An interesting article I read, about the physical modelling of plucked strings  (by Kevin Karplus and Alex Strong) using a large mainframe computer, got me excited and pointed the way to where it might just be possible to go next. As I read, my eyes started to glaze over again at the thought of creating a real acoustic-sounding electronic instrument!  I thought this was the future but I didn’t have a main-frame computer and I was never likely to have one! However, I thought there was a good chance it could be done on an extended modular synthesiser, since it was really a specialised form of analogue computer anyway. Physics is physics no matter how you do it I figured. Well, about two years of hard struggle later later the box on the left of the picture opposite was completed. To make room, the old computer driven synths were moved to the long box sitting on top of the main synthesiser.

Sym1 microprocessor with the top off

How it all ended up. Circa 1988.

The  original solo concert rig in detail.

The new unit, pictured above (left case),contained all the extra things I needed.
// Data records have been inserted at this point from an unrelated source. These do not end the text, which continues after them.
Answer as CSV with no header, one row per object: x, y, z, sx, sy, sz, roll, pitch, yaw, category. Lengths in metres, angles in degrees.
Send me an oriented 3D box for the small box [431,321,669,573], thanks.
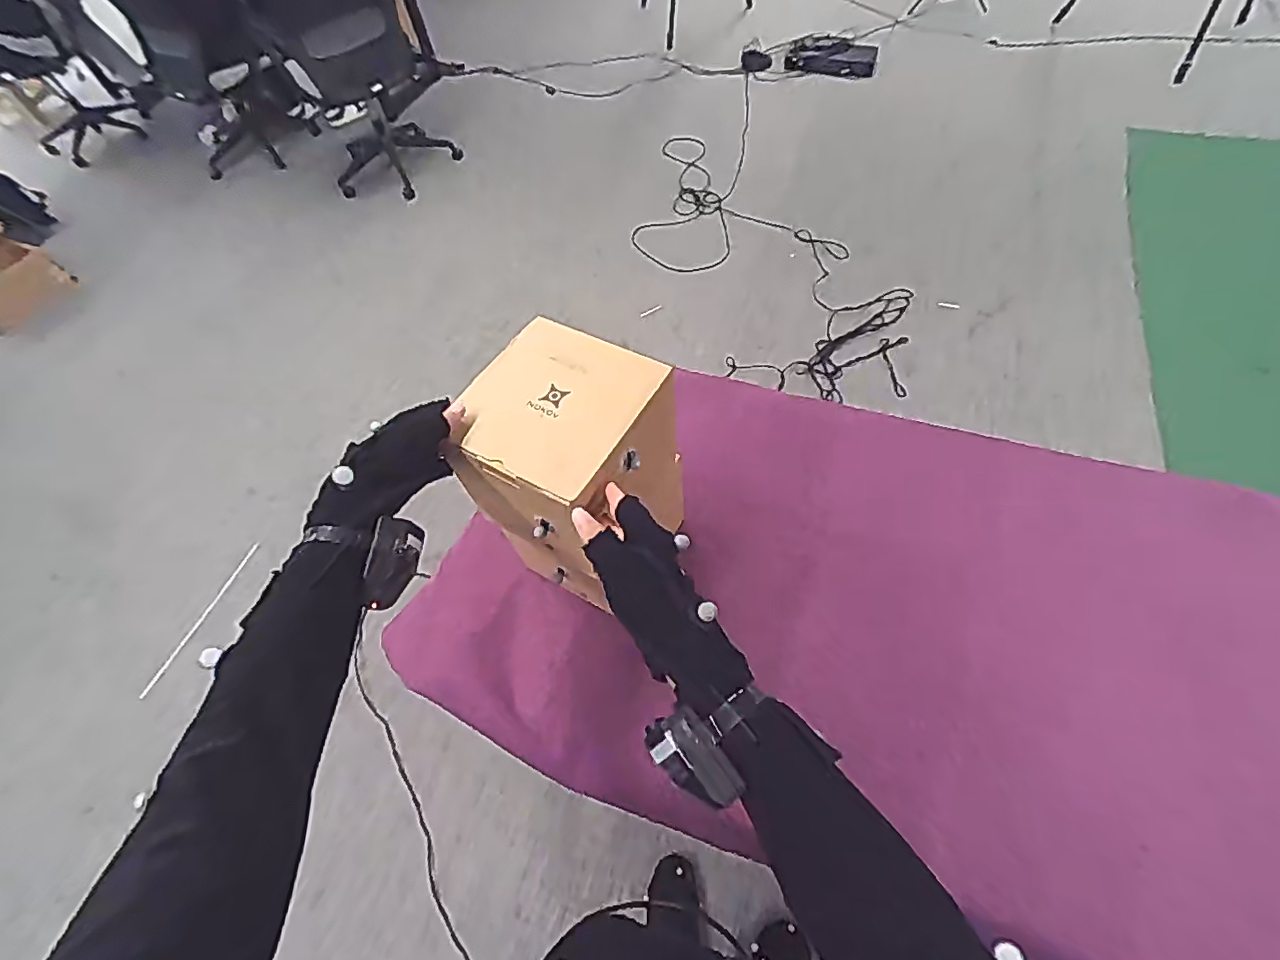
-0.076,-0.029,0.576,0.168,0.176,0.179,26,64,19,small box

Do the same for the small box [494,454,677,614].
-0.056,0.051,0.717,0.168,0.176,0.179,24,64,19,small box
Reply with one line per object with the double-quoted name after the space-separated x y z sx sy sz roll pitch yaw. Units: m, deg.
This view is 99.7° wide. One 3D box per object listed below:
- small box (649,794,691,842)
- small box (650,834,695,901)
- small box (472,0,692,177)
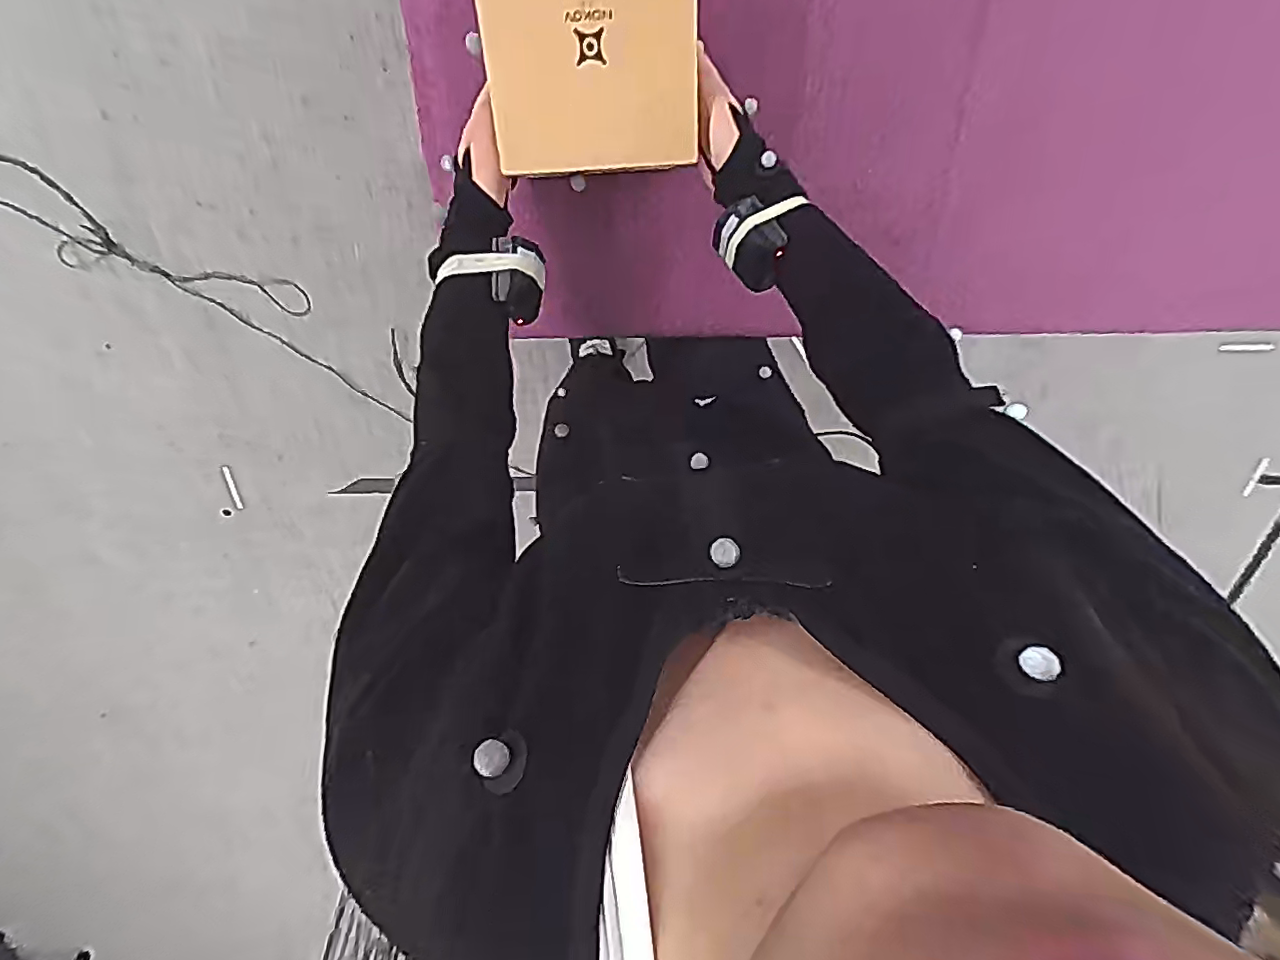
0.127 1.484 2.335 0.168 0.176 0.179 -5 120 0 "small box"
0.130 1.563 2.191 0.168 0.176 0.179 -4 119 -1 "small box"
-0.045 -0.373 0.480 0.168 0.176 0.179 -5 118 -1 "small box"
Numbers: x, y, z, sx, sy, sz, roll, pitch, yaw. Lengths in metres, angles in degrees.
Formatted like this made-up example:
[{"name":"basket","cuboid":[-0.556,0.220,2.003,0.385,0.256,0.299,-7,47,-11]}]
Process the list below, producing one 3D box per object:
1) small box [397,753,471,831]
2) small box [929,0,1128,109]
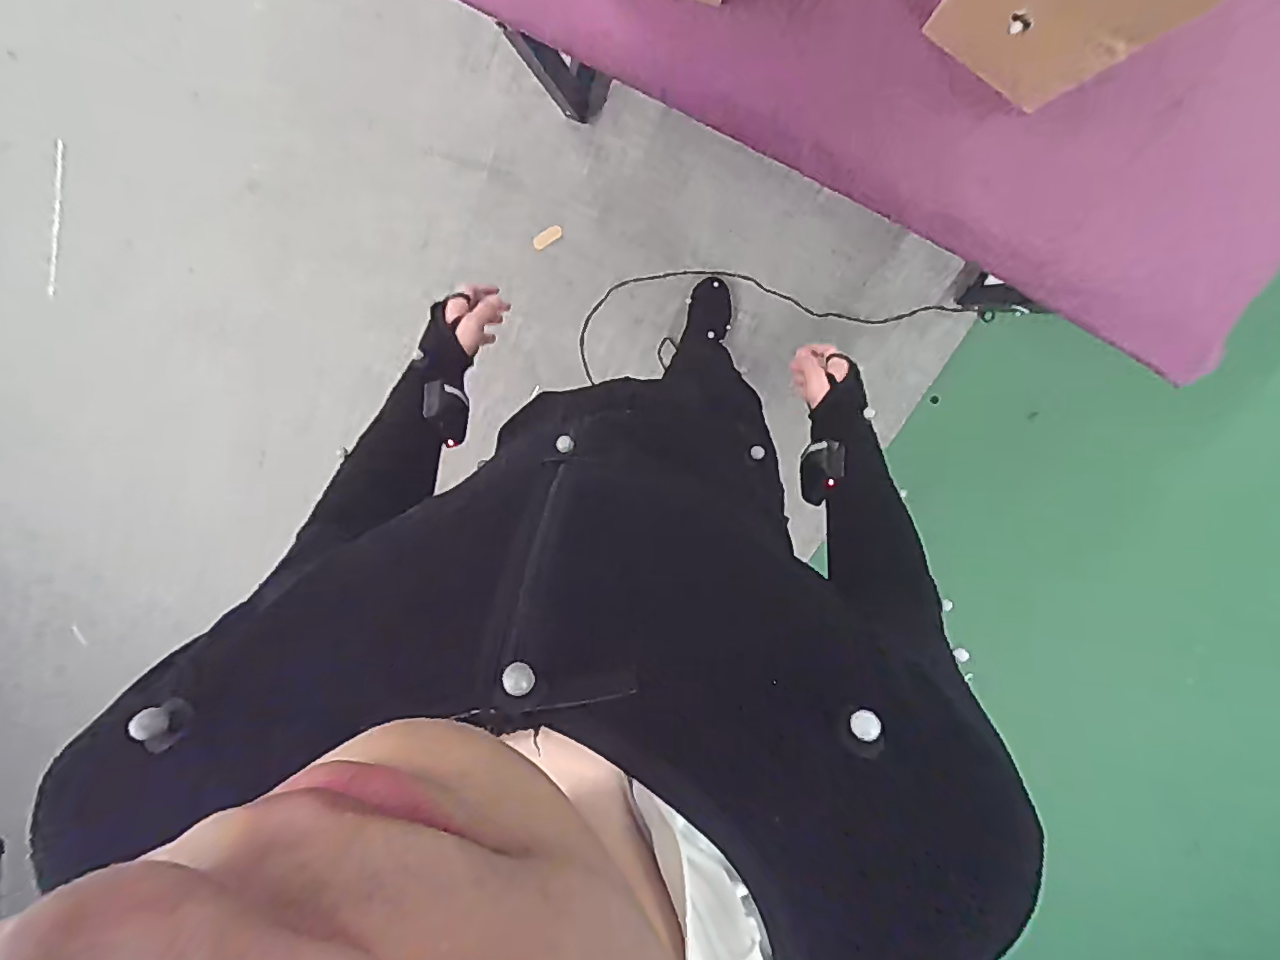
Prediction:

Most important are the resonating electronic analogue delay lines modules based around what are generally called charged coupled devices or CCDs. With these the input signal is sampled, as it is in the digital world, but with the samples remaining as analogue electrical charges which are passed along a long string of tiny charge storage capacitors until the samples emerge at the other end. When the output is fed back to the input in various ways you create a resonator with very acoustic properties. I really struggled for some time to get the circuits right but got there in the end.
Because acoustic modelling uses the excitation and interaction of electronic devices to specifically mimic the physics of the real world this synthesis method produces some remarkably acoustic sounding instruments as opposed to electronic sounding ones. I discovered many simple models for plucked strings, gongs and bells, trumpet, saxophone and clarinet, flute and many other strange hybrid instruments. A full description of all this in the “Acoustic Modelling” section.
Today acoustic modelling is common. It has been exploited on several commercial synthesiser designs and there are also modern software applications that use it too. I’ve even reproduced some of my early patches in Native Instruments “Reaktor” (a pure software digital kit of audio parts) and included them for free download on the site.
Over the following years I gradually added extra modules until the case (pictured left) was full. This is how it stands today. Along the top row (L-R) are... 2 LFOs, 1 dual envelope shaper, 2 dual voltage controlled delay line resonators, 1 dual envelope generator, 1 dual VCA, 1 dual envelope generator and 1 dual VCA. Along the middle panel are input/output lines to sockets on the back, computer control lines, common jacks, noise and +5 volt sources. Along the bottom panel (L-R)  are 1 special dual control voltage VCA module, 1 quad VCF module with LP and BP filter functions, 1 quad voltage controlled mid range delay line resonators, 1 dual multiplier/divider module and 1 3 x 3 mixer.
Sitting on top of it (top left) is an 8  x 4 analogue sequencer with internal VCO. Made around 1978, it’s based on a ring counter circuit. Each column step can be switched in or out, or the sequence looped back at various steps. An output selector can turn it onto 2 x 16 or 1 x 32 steps as well as the 8 x 4.